Escalating the stairs, the holiday music fades and the light becomes softer.

That evening, visiting Dad’s room felt very unlike Christmas. Pill bottles, electrolyte water, enzymes, nausea medicine, piles of blankets… not the usual leftover roll of wrapping paper or candy cane in sight.

Words felt like they needed to be said.

Tonight.  On Christmas.

Prepared several days earlier for when the moment felt right, I questioned myself… How could this moment ever “feel right”?

The night of Christmas, I held my dad’s hand and said everything I needed to say to avoid regret from cementing itself in my heart.

I hadn’t yet cried in front of him up to this point.  I’d always been able to make a swift escape from the room upon feeling the familiar tightness in my throat.

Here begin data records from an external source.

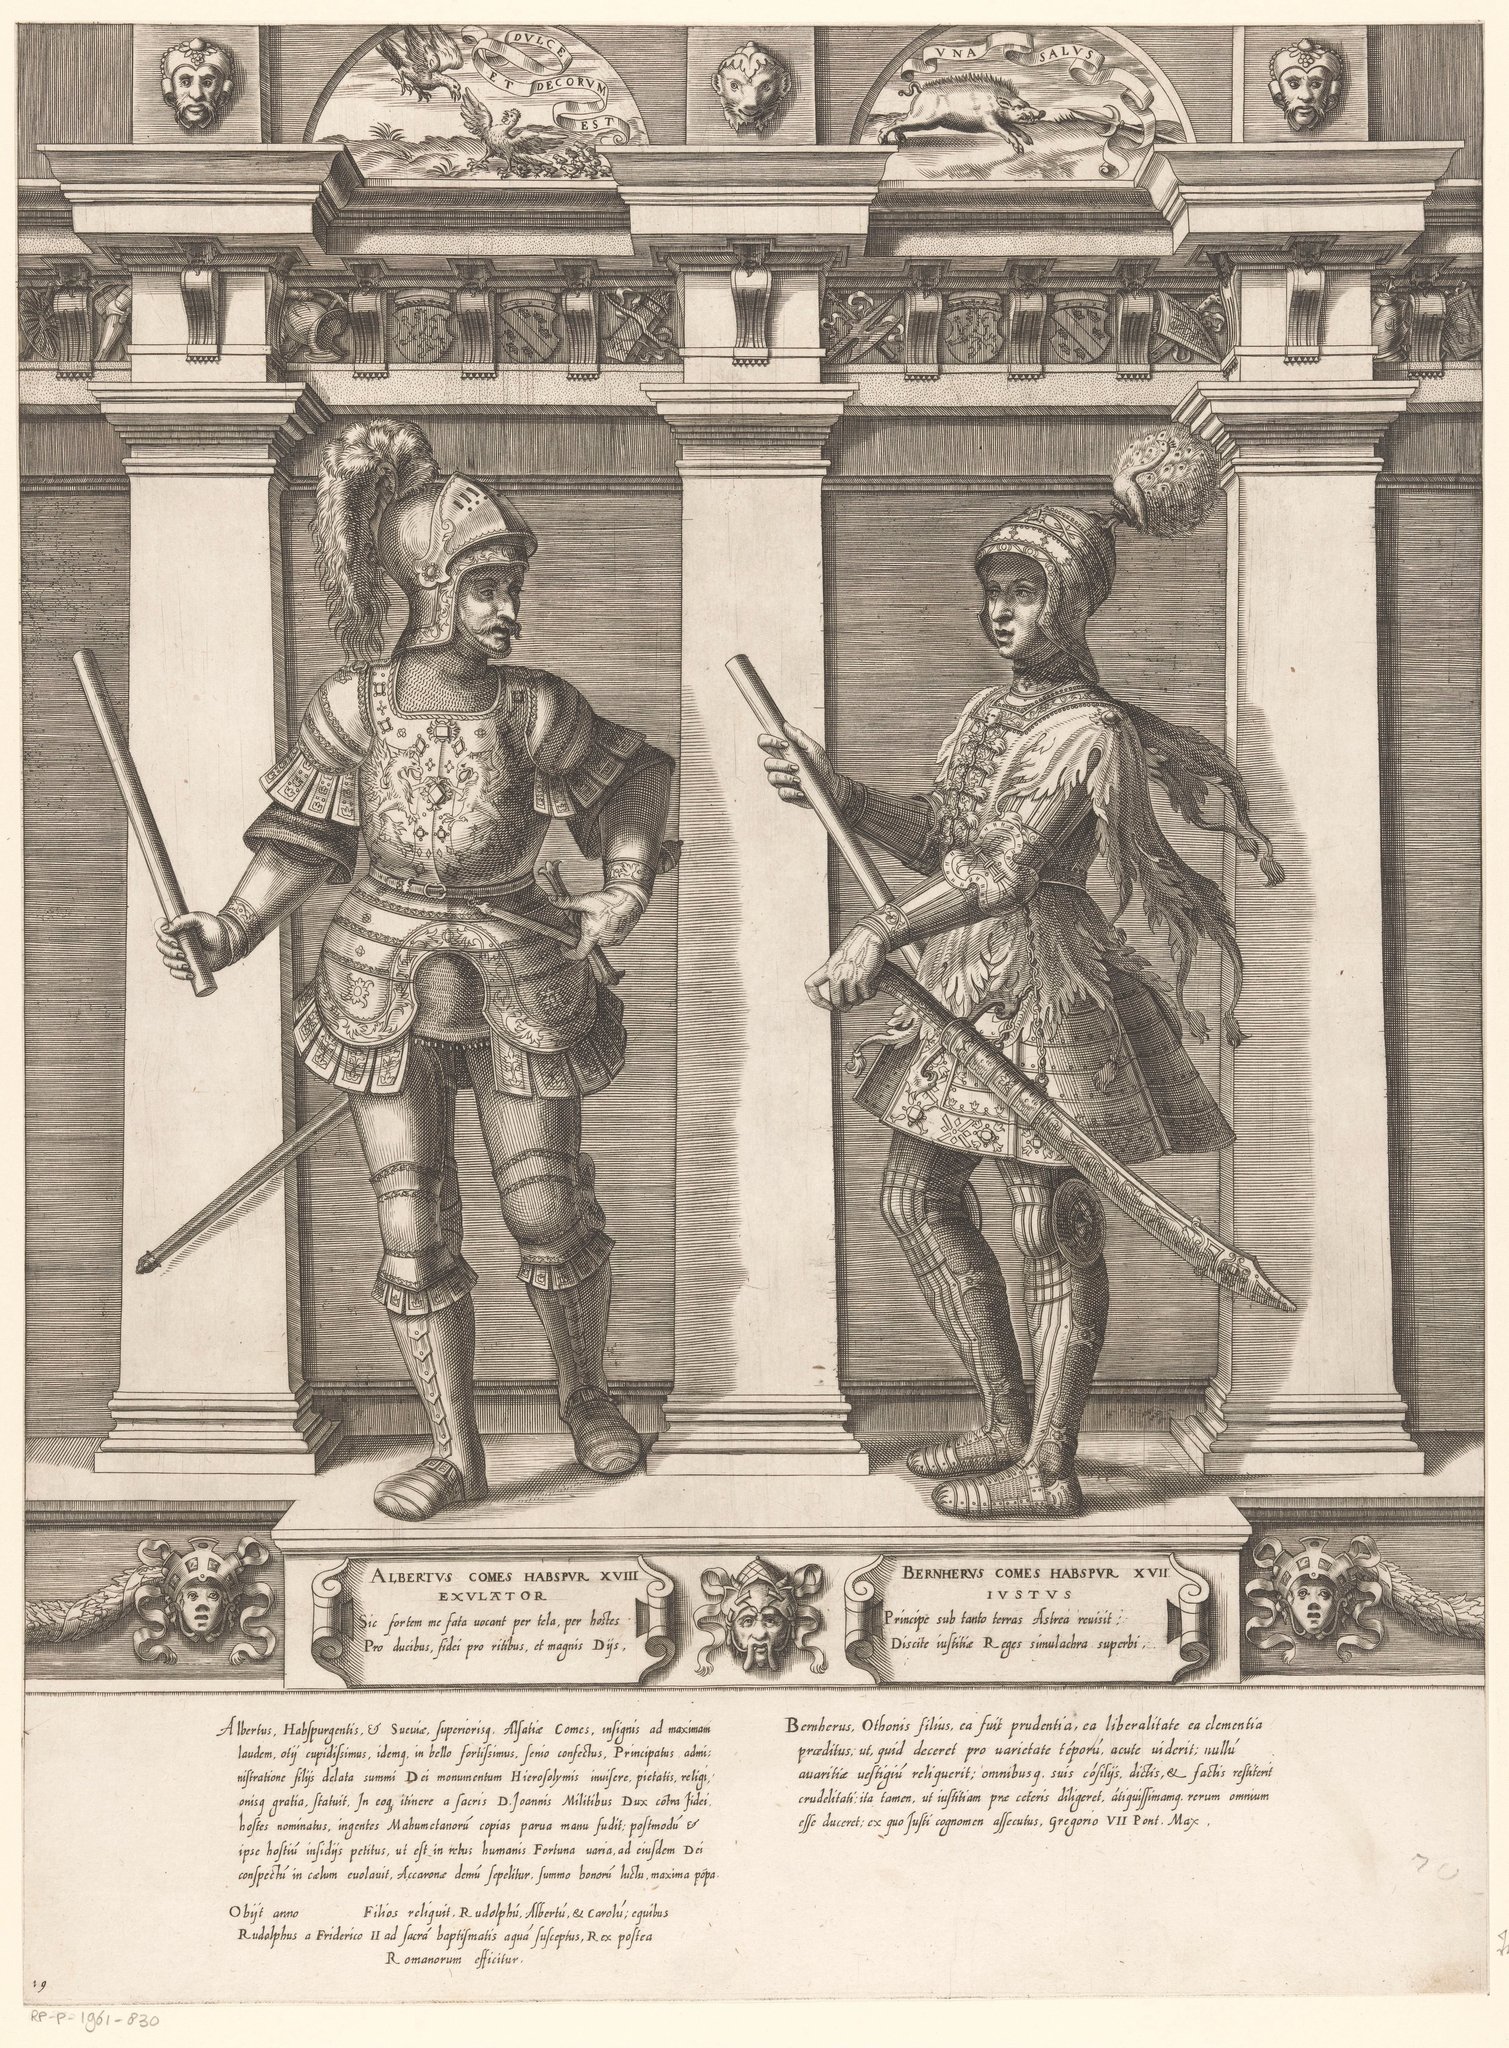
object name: print
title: Austriacae gentis imaginum
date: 1569
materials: paper
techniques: engraving
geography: italy
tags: earl, historical persons, ruler, sovereign
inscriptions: collector's mark: Lugt 2228
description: Deze prent maakt deel uit van een reeks van 58 prenten. Het meerendeel van de prenten bevat portretten van 74 leden van het Oostenrijkse Huis, naar tekeningen door Francesco Terzio, die deels getekend zijn naar de 28 levensgrote bronzen beelden die rond de cenotaaf van Maximiliaan I in de Hofkirche te Innsbruck staan.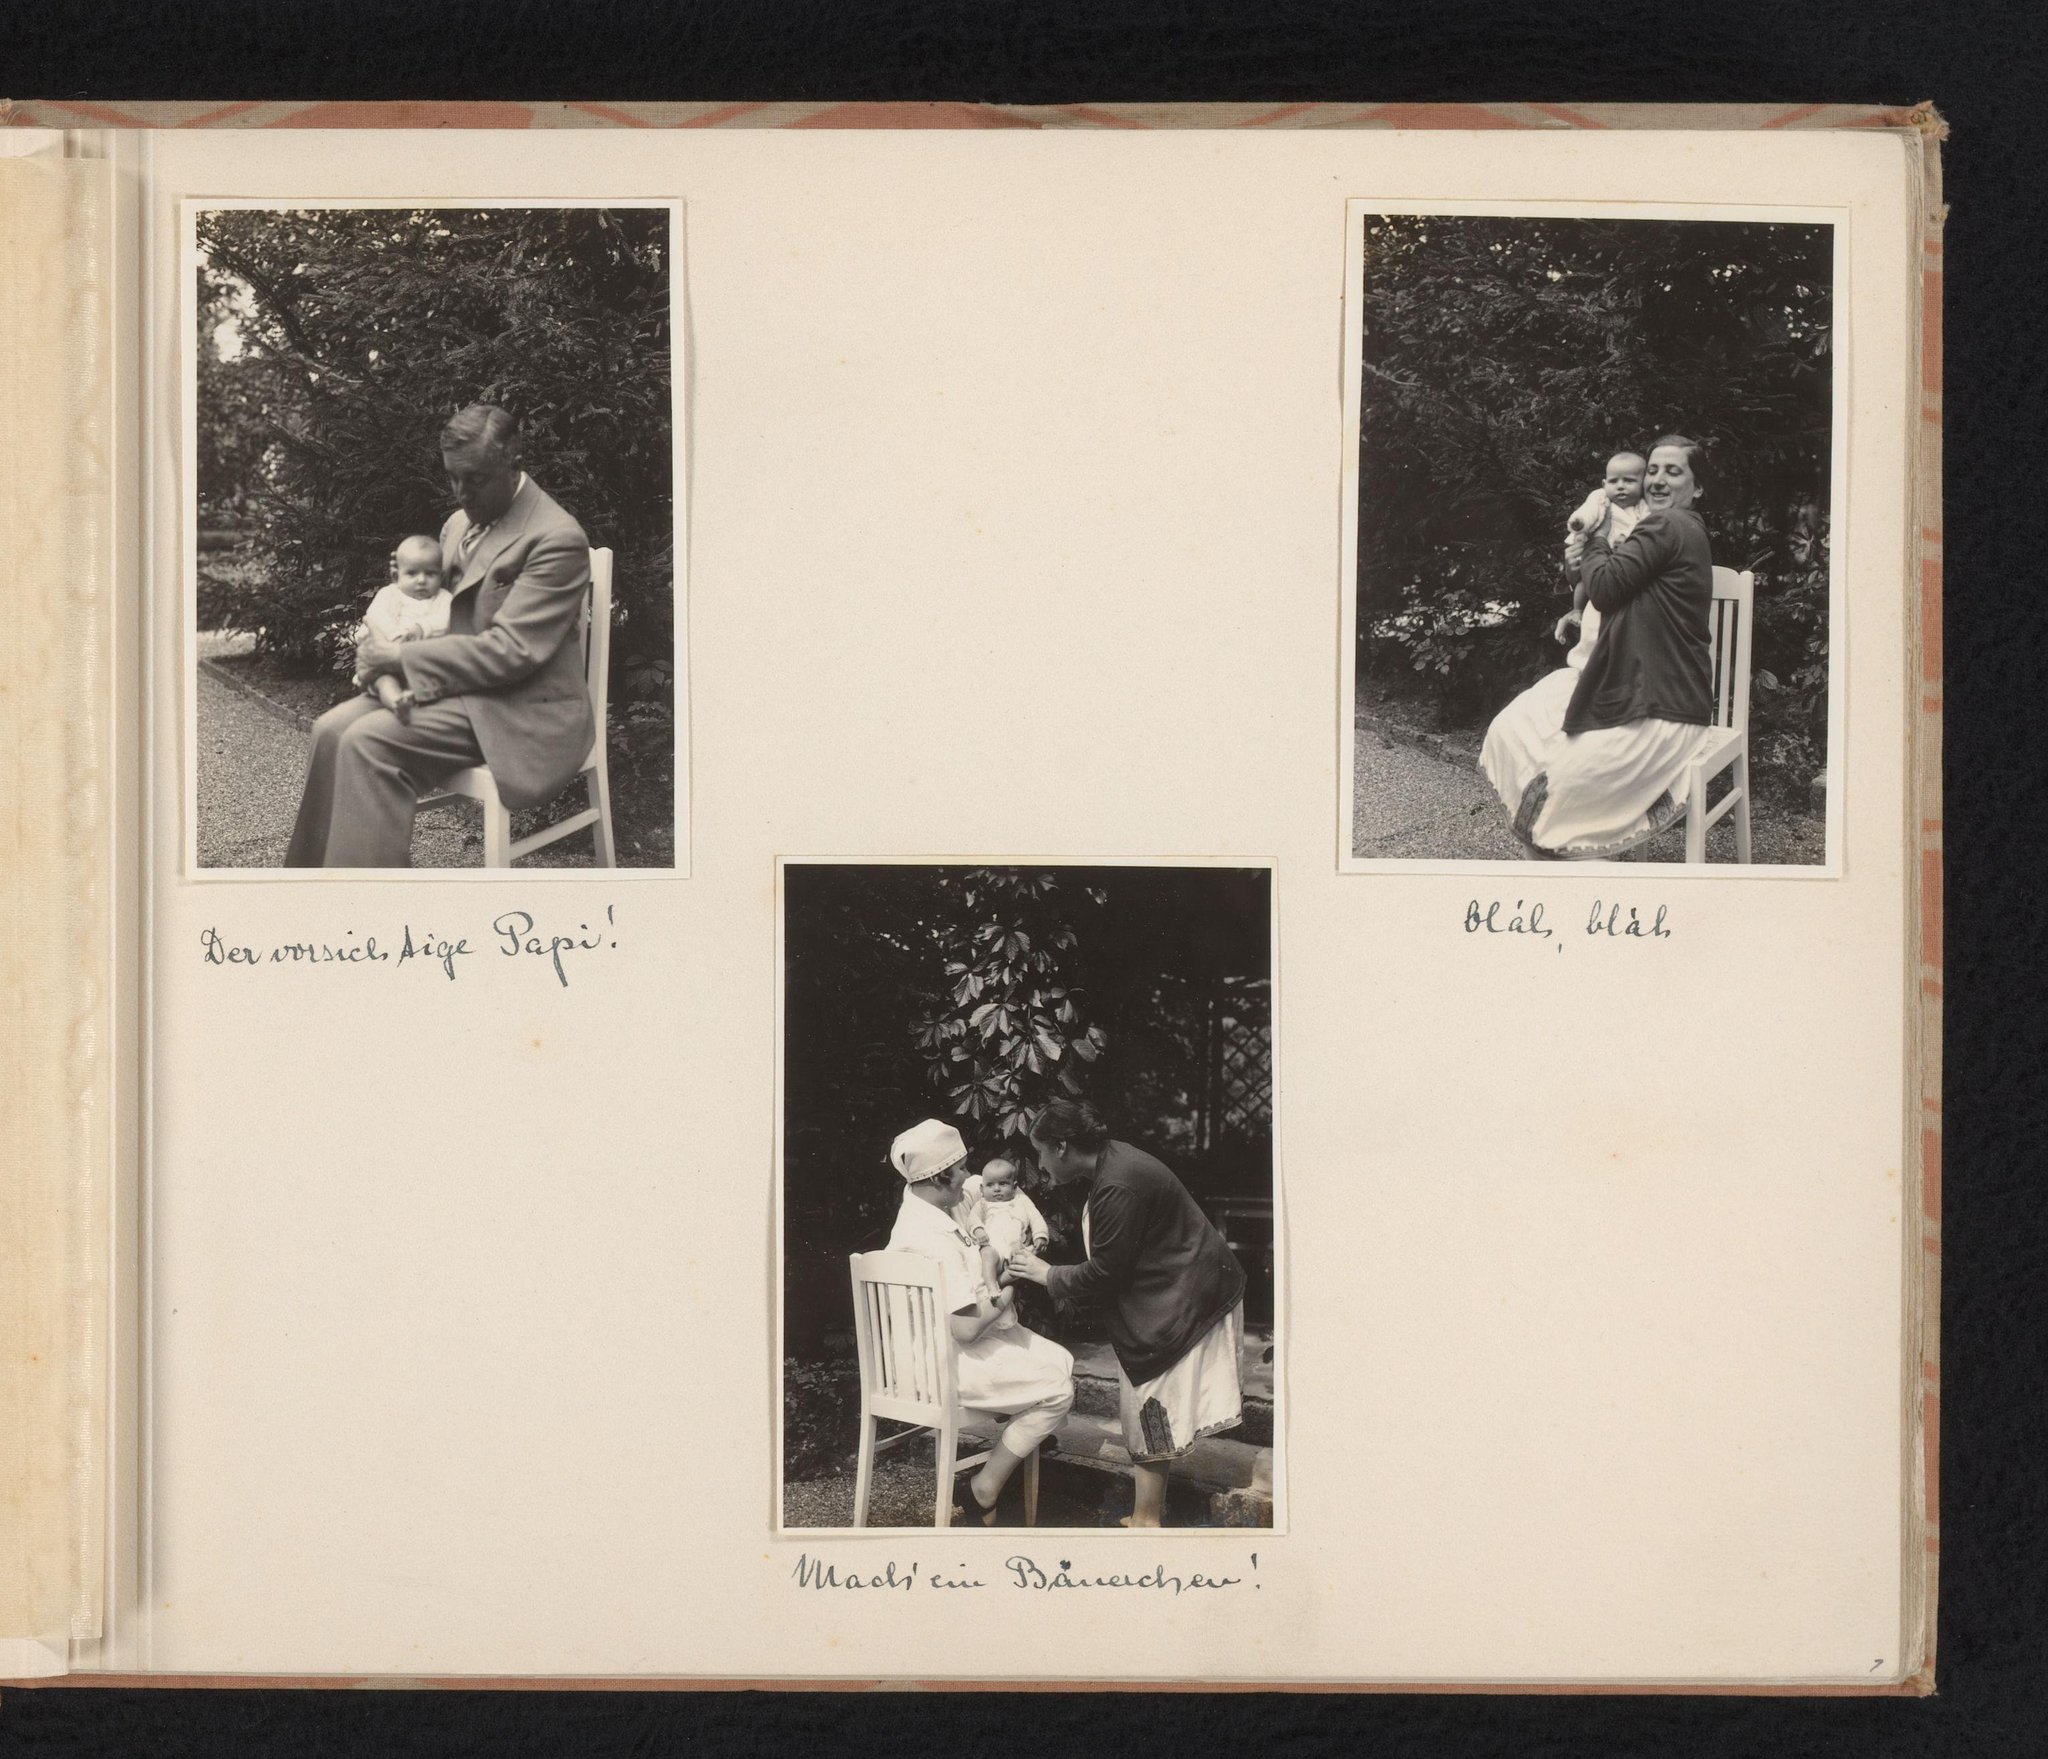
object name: photograph
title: Isabel Wachenheimer drie maanden oud met haar moeder Else Wachenheimer-Moos, haar vader Eugen Wachenheimer en een onbekende verpleegster, september 1928, Stuttgart
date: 1909-1928
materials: paper, photographic support
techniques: gelatin silver print
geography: stuttgart
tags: eugen wachenheimer, else wachenheimer-moos, leiden, isabel wachenheimer-elon, family life at home, mother and baby or young child, infant, baby
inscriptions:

If he saw, it would admit this was something to be afraid of… that maybe there was a chance we couldn’t beat it.

I would make him proud by being strong, I thought.  

I didn’t want information kept from me for fear of “not being able to handle it.”

At work, with practice and intention, I brilliantly compartmentalize. At home, my kids see me sad, but never in grief.

And yet… How can I possibly say goodbye forever to my Daddy without crying?  

I’m five again asking for one more time.

One more piggyback ride.

One more walk around the neighborhood after dinner on a warm Summer evening.

In a key life moment such as this, I felt infallible.

So I said my piece… slow and steady through my trembling voice, to ensure he heard Every. Word.

He sat there, holding my hand with his eyes closed as he listened.

Nothing left unsaid. No regret.

I’ve only ever seen Dad tear up three times in my life:  During the brutal opening scene of the movie ‘Saving Private Ryan’ (thinking of his own father during war), at the death of his sister from her own battle with cancer, and the morning a doctor told us his mother would not be waking up again but could possibly still hear us talking to her.

The oldest of five younger siblings and often “man of the house” while his dad was away at sea, one tends to adopt a sense of toughness for the little ones.

As I read my words to him that Christmas night in the dim glow of the room, his lip quivered as he squeezed my hand.

I made it clear there’s always the chance of a miracle that he’ll still make it to age 107 as he wants, and none of us knows when our time is, which was important for me to say and important for him to hear.

If he’s not giving up, I’m not either.  

But he needed to know our family was going to be okay no matter the outcome.

That my mom will be cared for and never want for anything… Besides him.

By day’s end, I had never felt such immense joy and equally immense heartache within a 24 hour period.

On this Christmas day of jubilee and excitement with my kids, I said goodbye to my Dad.

My eyes felt so tired, yet thoughts raced on once closed.

So this is what loss feels like… something slipping away.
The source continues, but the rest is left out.